Triste fim de Ribamar, o Zé do Sarney

José Sarney não era José Sarney. Ficou. Ele nasceu José Ribamar Ferreira de Araújo Costa. Diz, a história maranhense, que ele, filho de pai com primeiro nome Sarney, passou a ser chamado de “Zé do Sarney”, ou seja, José, filho de Sarney. E mais: conta a lenda do Maranhão que o Sarney pai também não era Sarney, mas apenas Ney, funcionário de empresa inglesa. E que os ingleses do chamara de Sir Ney. Daí, passou a Sarney. E o fato é que desde 1965 o “Zé do Sarney” adotou, oficialmente, o nome de José Sarney Costa e aí ainda está. Ou por enquanto.

Agora, chega a um triste fim a história de José Ribamar, que ocupa o palco político brasileiro desde 1954, quando de sua primeira presença na Câmara Federal como suplente. A carreira foi fulgurante, marcada por uma estrela da boa sorte e, em especial, por um senso de oportunismo político admirável. Pois Sarney sempre soube estar no lugar certo na hora certa, oferecendo-se como o homem certo. Um de seus dons determinantes, na vida pessoal e na carreira, foi a fidalguia, um cavalheiro nos gestos, nas atitudes, na fala. E, talvez por isso mesmo, uma esfinge.

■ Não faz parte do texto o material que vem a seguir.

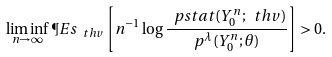<formula> <loc_0><loc_0><loc_500><loc_500>\liminf _ { n \to \infty } \P E s _ { \ t h v } \left [ n ^ { - 1 } \log \frac { \ p s t a t ( Y _ { 0 } ^ { n } ; \ t h v ) } { p ^ { \lambda } ( Y _ { 0 } ^ { n } ; \theta ) } \right ] > 0 .</formula>

Ora, ninguém, saindo de um lugar politicamente pouco representativo como o Maranhão – apesar de ser um Estado de marcante presença histórica, com cultura privilegiada no passado – chega à Presidência da República, tornando-se três vezes também presidente do Senado, por simples coincidência ou sorte. À sua maneira e a seu estilo, Sarney foi um líder e, insisto, sabendo tornar-se o homem certo, ou necessário, na hora certa e no lugar certo. De líder dos militares, Sarney se transformou, com sua guinada para a eleição de Tancredo Neves, numa das peças fundamentais para a redemocratização do Brasil. E chegou, ainda levado pela “fortuna” a que Maquiavel se referia, à presidência da República, com a morte inesperada de Tancredo Neves.

Na verdade, Sarney nada governou. Foi o PMDB, liderado por Ulisses Guimarães, quem deu as cartas, quem planejou, quem executou e que, ao final – e diante do fracasso do plano econômico, diante da corrupção tão galopante quanto a inflação – abandonou Sarney à sua própria sorte. Ou há quem se esqueça de que Fernando Collor se elegeu como cavaleiro andante enfrentando a corrupção e os desmandos daquele período de Sarney?

Esse homem – que chega ao fim de carreira envolvido por tantas denúncias, por tantos escândalos – não passou, na verdade, de um coronel mais refinado, que fez, do silêncio e do estilo moderado pessoal, instrumentos a seu serviço. Pois Sarney foi o primeiro a desmoralizar o sistema de representação política da democracia brasileira quando, sendo maranhense visceral, se candidatou a senador pelo Amapá, elegendo-se. Era o pajé da tribo, o chefe do clã. Seus tentáculos suaves, mas poderosos, estenderam-se por todo o Norte e Nordeste, em aliança com Antônio Carlos Magalhães e outros líderes nordestinos. A presença de Sarney e familiares fincou raízes, a ponto de ter desejado que sua filha Roseane se elegesse presidente da República. Eles quis tornar o Brasil no feudo em que ele transformou o Maranhão, onde a filha volta a ser governadora, apesar de suas enfermidades intermitentes e, ao que parece, insanáveis. E, para glorificar-se ainda mais, conquistou a imortalidade banal da Academia Brasileira de Letras e fez sua pirâmide num Convento secular do Maranhão, onde, ilegalmente como já se pronunciou a Justiça, instalou a fundação que tenta eternizar-lhe o nome.

Getúlio Vargas se suicidou ao primeiro sinal do mar de lama que tinha sob os pés, algo que, diante do que ocorre hoje, é brincadeira de criança. Sarney resiste, sustentado por outros iguais, como Renan Calheiros, Fernando Collor, a tropa de choque que passou a sustentar também o governo de Lula. Ora, os deuses, quando querem destruir os homens, começam por cegá-los pela vaidade. José Sarney, não fosse a vaidade de ser presidente do Senado pela terceira vez, talvez estivesse sendo, hoje, reverenciado por suas posturas cavalheirescas que tentaram ocultar-lhe as mazelas políticas. Foram, as posturas, como a peneira querendo tapar o Sol da corrupção. Zé do Sarney, o Zé Ribamar, José Sarney da Costa chega ao fim humilhado, desprezado, novamente vaiado pela nação brasileira.

Que sejam, estes, os grandes sinais dos céus de que algo novo começa a acontecer neste país, tentando, ainda outra vez, varrer a corrupção. Essa avalancha de indignação irá, inevitavelmente, atingir os municípios. Pois indignação coletiva é contagiosa. Aguardemos. Bom dia.